Yo era un junior cuando recibí la llamada de mi mamá. Me dijo que mi hermana tenía pesadillas y que eran sobre mi abuelo. La había abusado sexualmente y ella lo estaba reviviendo. Justo cuando ella me lo dijo, lo supe.

Mi abuelo estaba borracho. Él abusó de mí, mis dos hermanas menores, mi padre, mi tía y mi tío. Ninguno de nosotros se dio cuenta hasta ese momento. La mente humana hace cosas asombrosas, bloqueando los recuerdos más dañinos. No hablé con él después de esa llamada telefónica. Mi abuela se mudó con nosotros y él se mudó. No sé dónde está.

Durante el resto de mis años junior y senior, mis hermanas vieron a un terapeuta todas las semanas. Conducía a casa desde la universidad para mantener las piezas juntas, para ser la hermana mayor. No hablé de mis emociones, mis recuerdos con nadie. No estaba lista y ser el hombro en el que llorar parecía más fácil. Durante el resto de mi tercer año y parte de mi último año me emborrachaba peligrosamente. Me despertaba sin recordar lo que hice la noche anterior. Mis amigos bromeaban conmigo, porque yo era el borracho del grupo. Yo era el amigo de las aventuras borrachas y los errores estúpidos. Y realmente no me importaba. Dejé de escribir, lo que solía ser tan fácil para mí como respirar.
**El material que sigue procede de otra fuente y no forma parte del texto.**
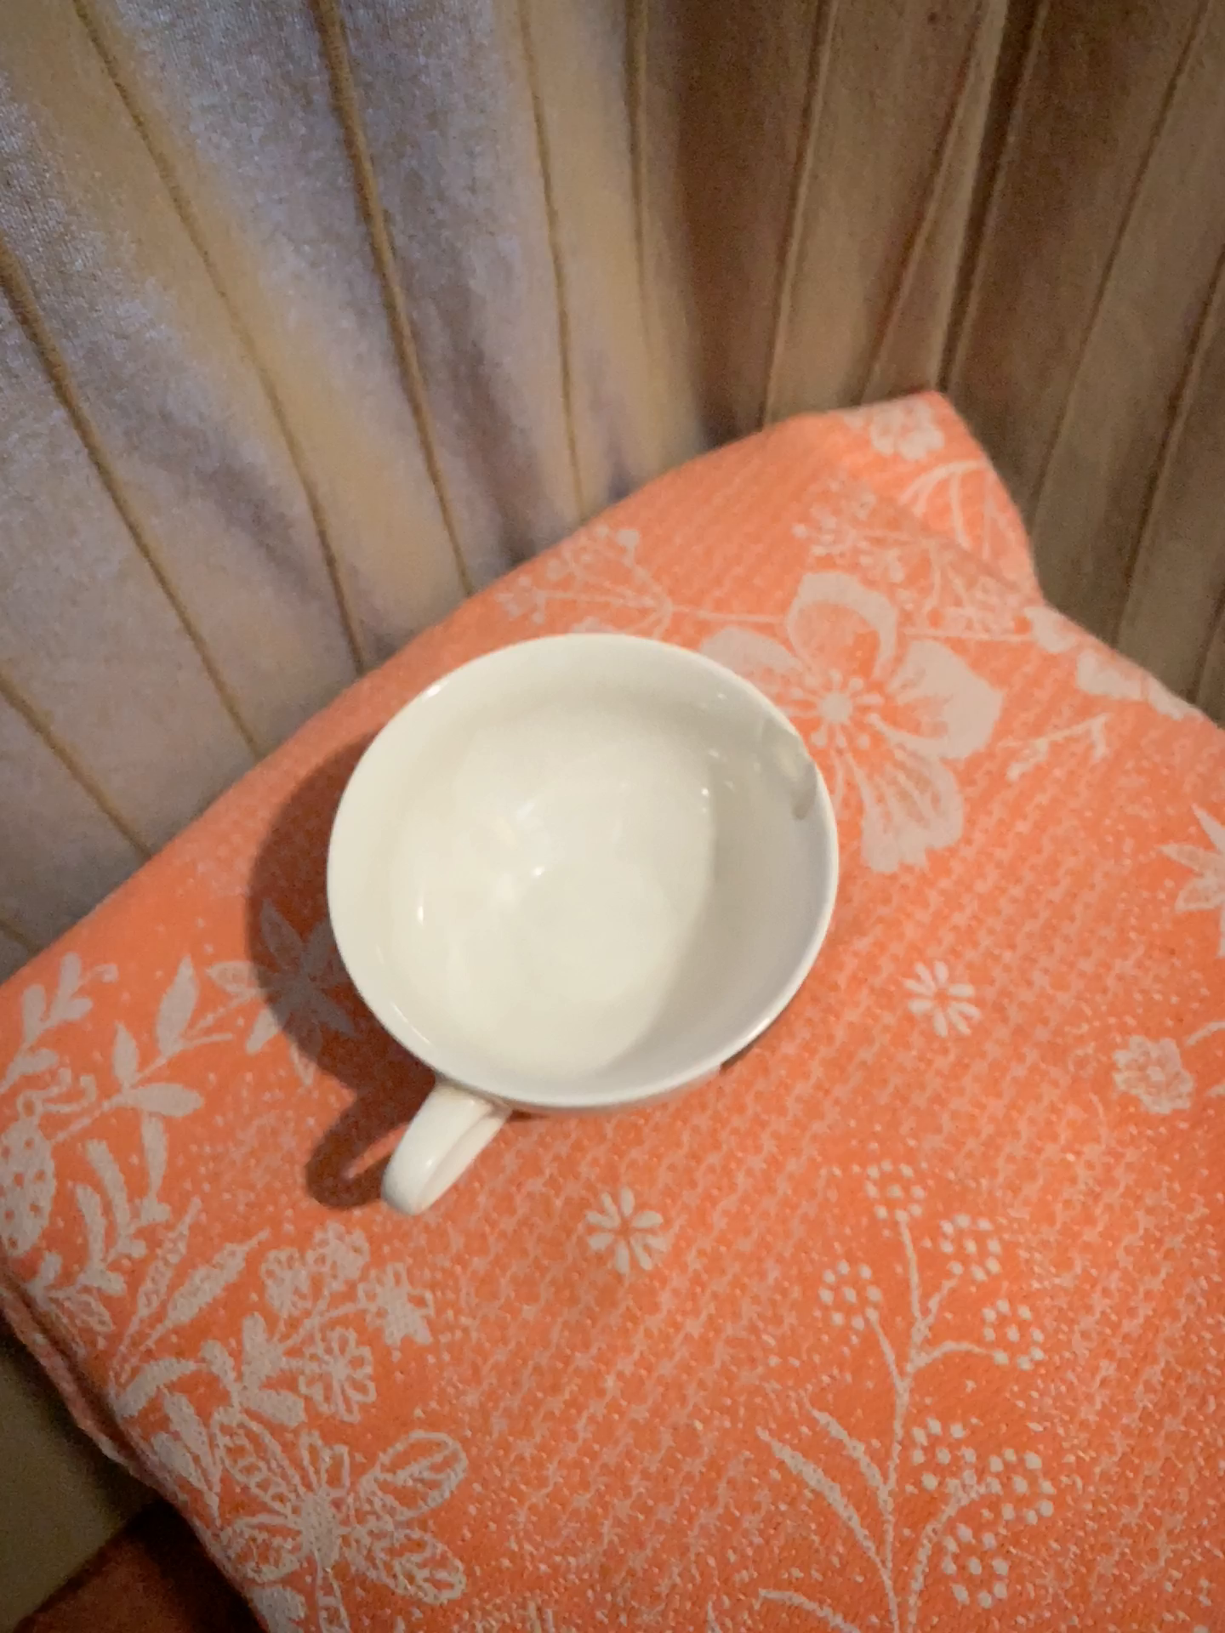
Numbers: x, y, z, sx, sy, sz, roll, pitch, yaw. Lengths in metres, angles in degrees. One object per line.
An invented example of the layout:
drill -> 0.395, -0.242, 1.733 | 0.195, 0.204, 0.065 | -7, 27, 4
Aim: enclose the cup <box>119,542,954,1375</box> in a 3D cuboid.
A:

Me gradué en la primavera de 2008 y fui aceptado en una de las organizaciones más prestigiosas para adultos de 20 años. Me mudé fuera del estado, tengo un salario y mi propio apartamento. A veces desearía saber su número de teléfono para poder llamarlo. Estoy orgulloso de mí mismo y sé que él también lo estaría. Mi novio del último año y medio nunca ha conocido a una de las personas más importantes de mi vida, la persona que solía ser más importante para mí. Sé que no debería sentirme así, pero duele. Me duele saber que no tiene idea de lo que estoy haciendo, que esta persona que solía estar en todos los recitales de la escuela no estará en mi futura boda. Mi graduación universitaria parecía que faltaba algo sin él allí. Me da vergüenza decirle eso a alguien.

Aproximadamente una vez al mes tengo pesadillas. Pesadillas sobre lo que sucedió en esa guarida, durante historias contadas por animales de peluche y noches de cine en esa habitación oscura. No recuerdo mucho, pero sé que lo hizo y eso me aterroriza. A veces me detengo y pienso dónde está y me pongo a llorar. Lo que sé es que este hombre, esta persona que se suponía que me cuidaría, que se suponía que era un modelo a seguir, es la razón por la que sigo adelante. Él es la razón por la que tengo éxito. Es difícil de explicar, pero pensar en esta parte horrible de mi vida me empuja a ser una mejor persona. Porque como soy como él, soy diferente a él. Soy mejor que el.



Este es el primer escrito que he completado para mí desde esa llamada telefónica hace casi tres años. Me siento tembloroso e inseguro de mí mismo. Pero es una historia que necesito contar para seguir adelante, y porque creo que tengo que ser más grande que esto.